Pepe G, Giusti B, Attanasio M, Comeglio P, Porciani M C, Giurlani L, Montesi G F, Calamai G C, Vaccari M, Favilli S, Abbate R, Gensini G F
Istituto di Clinica Medica Generale e Cardiologia, University of Florence, Florence, Italy.
J Mol Cell Cardiol. 1997 Jul;29(7):1877-84. doi: 10.1006/jmcc.1997.0426.

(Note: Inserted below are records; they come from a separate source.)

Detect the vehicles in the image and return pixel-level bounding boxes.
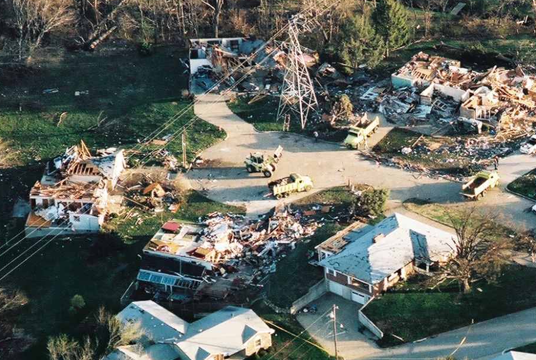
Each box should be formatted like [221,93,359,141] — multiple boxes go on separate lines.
[520,133,536,154]
[459,168,501,199]
[341,115,381,149]
[239,144,291,176]
[263,169,316,197]
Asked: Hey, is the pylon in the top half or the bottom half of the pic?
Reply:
top

The aim of our study was to characterize the molecular defect in Italian Marfan patients, thus contributing to the effort of correlating the genotype with the phenotype. In particular, our ultimate goal was to identify the region(s) of the fibrillin 1 (FBN1) gene mainly involved in the health of the heart and of the aorta in terms of the cardiovascular system. We searched for a molecular defect in three patients with classic Marfan syndrome (MFS). The mutations were detected applying heteroduplex analysis to each of the 65 exons of the FBN1 gene amplified by polymerase chain reaction (PCR). Exons containing heteroduplex bands were sequenced directly from PCR products. This study reports the detection of three unique missense mutations in the FBN1 gene in three Italian patients: a 44-year-old adult male and 36-year-old female affected by classic MFS (with all the cardinal manifestations in the cardiovascular, ocular and skeletal systems), and an 11-year-old male affected by infantile (earlier onset) classic MFS. The first two are sporadic cases and present a Cys-->Arg amino acid substitution (T-->C substitution at nucleotide 7729) in exon 62 and a Cys-->Tyr amino acid substitution (G-->A substitution at nucleotide 6695) in exon 54. The third is a familial case which presents a Cys-->Trp aminoacidic substitution (C-->G substitution at nucleotide 3546) in exon 28. Our data confirm that cysteine substitutions in calcium binding epidermal growth factor (cbEGF)-like domains cause severe Marfan phenotype. Exon 24-32 cluster seems to produce an even more severe phenotype. The early characterization may be of clinical relevance for prevention and early surgical treatment of aortic aneurysm or dissection.
我们研究的目的是确定意大利马凡综合征患者的分子缺陷,从而有助于将基因型与表型相关联。具体而言,我们的最终目标是确定原纤维蛋白1(FBN1)基因中主要影响心脏和主动脉健康的心血管系统相关区域。我们在三名经典马凡综合征(MFS)患者中寻找分子缺陷。通过聚合酶链反应(PCR)扩增FBN1基因的65个外显子,并对每个外显子进行异源双链分析以检测突变。含有异源双链带的外显子直接从PCR产物中测序。本研究报告了在三名意大利患者的FBN1基因中检测到三个独特的错义突变:一名44岁成年男性和一名36岁女性患有经典MFS(具有心血管、眼部和骨骼系统的所有主要表现),以及一名11岁男性患有婴儿型(发病较早)经典MFS。前两例为散发病例,分别在外显子62中出现Cys→Arg氨基酸取代(核苷酸7729处的T→C取代)和外显子54中出现Cys→Tyr氨基酸取代(核苷酸6695处的G→A取代)。第三例为家族性病例,在外显子28中出现Cys→Trp氨基酸取代(核苷酸3546处的C→G取代)。我们的数据证实,钙结合表皮生长因子(cbEGF)样结构域中的半胱氨酸取代会导致严重的马凡表型。外显子24 - 32簇似乎会产生更严重的表型。早期特征对于主动脉瘤或夹层的预防和早期手术治疗可能具有临床意义。